I’d heard the watch go off this morning at seven. Who cares…

 …It is still early this morning. I’m startled by the weighty step of somebody big, just outside of the tent. We focus to identify the sound of whoever is tussling the leaves. He’s walking on two legs around our tent. I try to be as quiet as I can to not let the intruder know that I am awake and alert. I slide my hand toward my pistol. Whaoh there!  It’s only a turkey.

We try not to giggle too loud, fascinated by the nonchalant behaviors of a wild creature. I whisper, “Sure sounds like somebody is out there.”

 I recall last night, just before sundown, there was a big black turkey and a pal digging through the leaves. There are lots of those bugs that we saw yesterday, the black ones with white polka dots, who are mating.

We stretch and unzip the tent. I’m feeling gratitude to be here. The smells, the fresh air that falls from high on the mountain, the divine peace and solitude that comes from the thick coating of silence is out there beyond the passageway.  I must reverently crawl on my knees to reenter this monumental church. I stand, take a deep breath and stretch some more.

Through my sleepy eyes, in a delightfully simple state of mind, I see a squirrel with big ears that curl up and then in like a bobcat. Black tips, it eyes me back. It probably can sense who the more alert one of the two us is. We begin the chores, me breaking camp and DF digging through the truck putting breakfast together. She has collected a wild mint to enhance a morning tea.
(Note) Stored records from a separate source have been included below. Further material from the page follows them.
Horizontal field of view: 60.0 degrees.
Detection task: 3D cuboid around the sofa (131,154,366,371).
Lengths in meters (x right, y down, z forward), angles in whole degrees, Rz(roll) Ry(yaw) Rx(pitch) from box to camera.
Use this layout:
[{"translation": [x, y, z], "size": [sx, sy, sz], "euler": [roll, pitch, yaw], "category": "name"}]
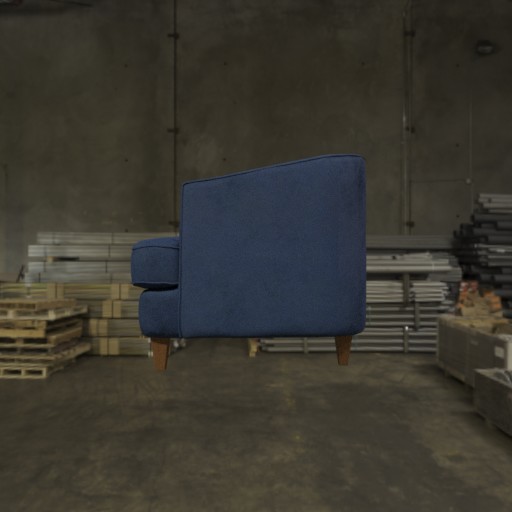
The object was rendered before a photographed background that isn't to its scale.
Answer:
[{"translation": [0.000, 0.000, 2.730], "size": [0.941, 0.855, 2.278], "euler": [0, 0, 0], "category": "sofa"}]
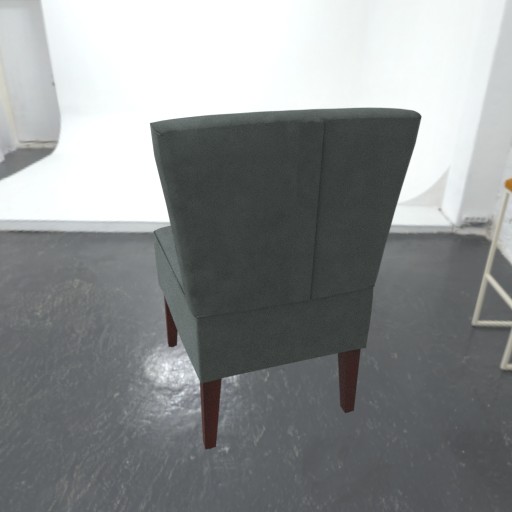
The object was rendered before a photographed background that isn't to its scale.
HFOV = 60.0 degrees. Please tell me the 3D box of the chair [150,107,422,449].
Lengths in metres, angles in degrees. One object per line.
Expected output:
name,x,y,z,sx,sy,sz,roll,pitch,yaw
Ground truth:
chair,0.000,0.000,1.185,0.521,0.806,0.554,-8,27,-16
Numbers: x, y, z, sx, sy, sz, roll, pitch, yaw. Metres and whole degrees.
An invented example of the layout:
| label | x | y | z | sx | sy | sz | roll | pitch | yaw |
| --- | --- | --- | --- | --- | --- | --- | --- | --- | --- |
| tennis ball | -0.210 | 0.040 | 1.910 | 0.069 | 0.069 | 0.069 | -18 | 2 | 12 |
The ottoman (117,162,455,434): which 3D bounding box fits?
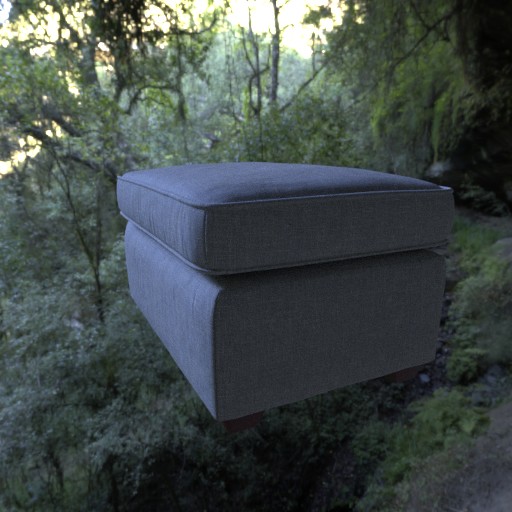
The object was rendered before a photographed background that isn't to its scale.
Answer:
| label | x | y | z | sx | sy | sz | roll | pitch | yaw |
| --- | --- | --- | --- | --- | --- | --- | --- | --- | --- |
| ottoman | 0.000 | 0.000 | 1.118 | 0.559 | 0.457 | 0.762 | -7 | 16 | -26 |
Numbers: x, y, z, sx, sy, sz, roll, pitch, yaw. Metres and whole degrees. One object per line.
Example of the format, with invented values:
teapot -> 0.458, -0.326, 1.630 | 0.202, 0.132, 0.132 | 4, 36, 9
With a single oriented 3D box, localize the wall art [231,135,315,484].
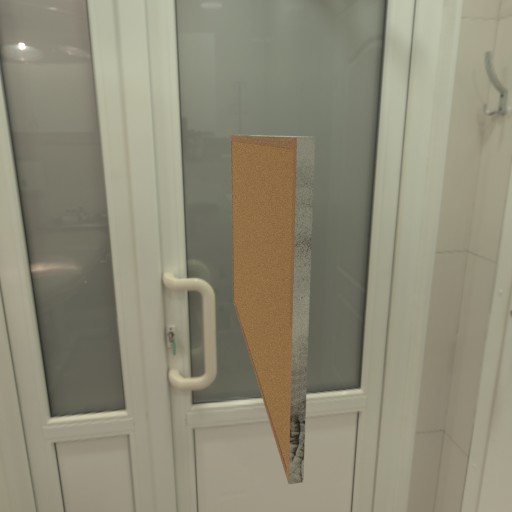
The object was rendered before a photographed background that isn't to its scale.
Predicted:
wall art -> 0.000, 0.000, 1.446 | 0.035, 0.758, 1.141 | -2, 16, -9
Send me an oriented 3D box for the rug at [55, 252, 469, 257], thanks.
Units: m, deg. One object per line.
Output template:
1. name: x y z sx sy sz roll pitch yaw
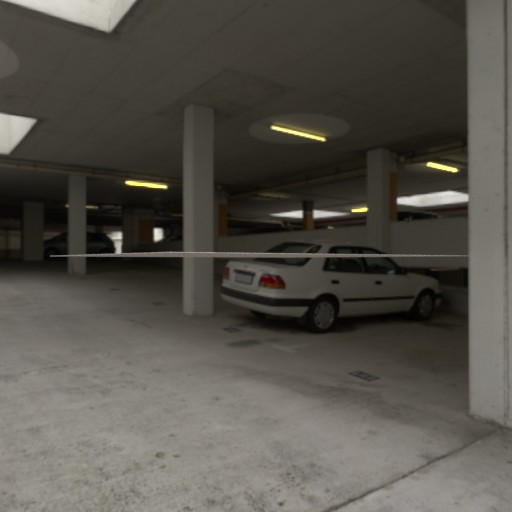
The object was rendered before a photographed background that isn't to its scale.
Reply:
1. rug: 0.000 0.000 3.936 2.880 0.005 2.391 0 -1 -37
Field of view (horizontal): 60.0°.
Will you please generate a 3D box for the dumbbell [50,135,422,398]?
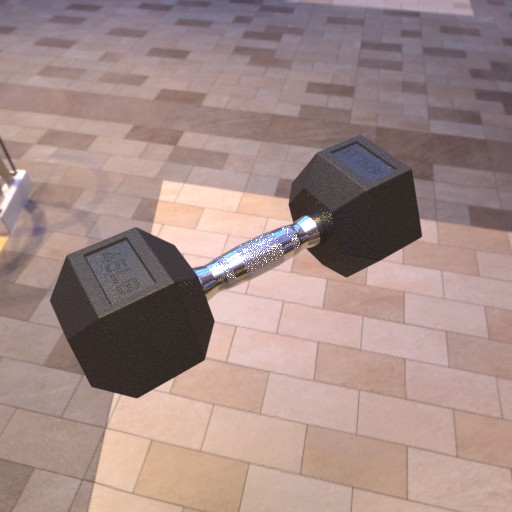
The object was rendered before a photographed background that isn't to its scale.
[{"bbox_3d":[0.000,0.000,0.426,0.356,0.123,0.141,-26,53,-22],"label":"dumbbell"}]

As the sun filters through the foliage, it warms us, until naked becomes perfect. A hiker family catches us in our abandon. DF is behind the truck. I use the door and turn my back to them. Butts aren’t actually illegal to see. My exposure doesn’t really concern me, and apparently they have little concern, too. We’re excited to return to Miller Canyon on the other side of these mountains.

Crossing the great divide and up Miller Canyon:

 “Ya know, I don’t remember this road being so bad on the way in?”

As we lumber down the bouncy dirt conveyance, a deer crosses the road.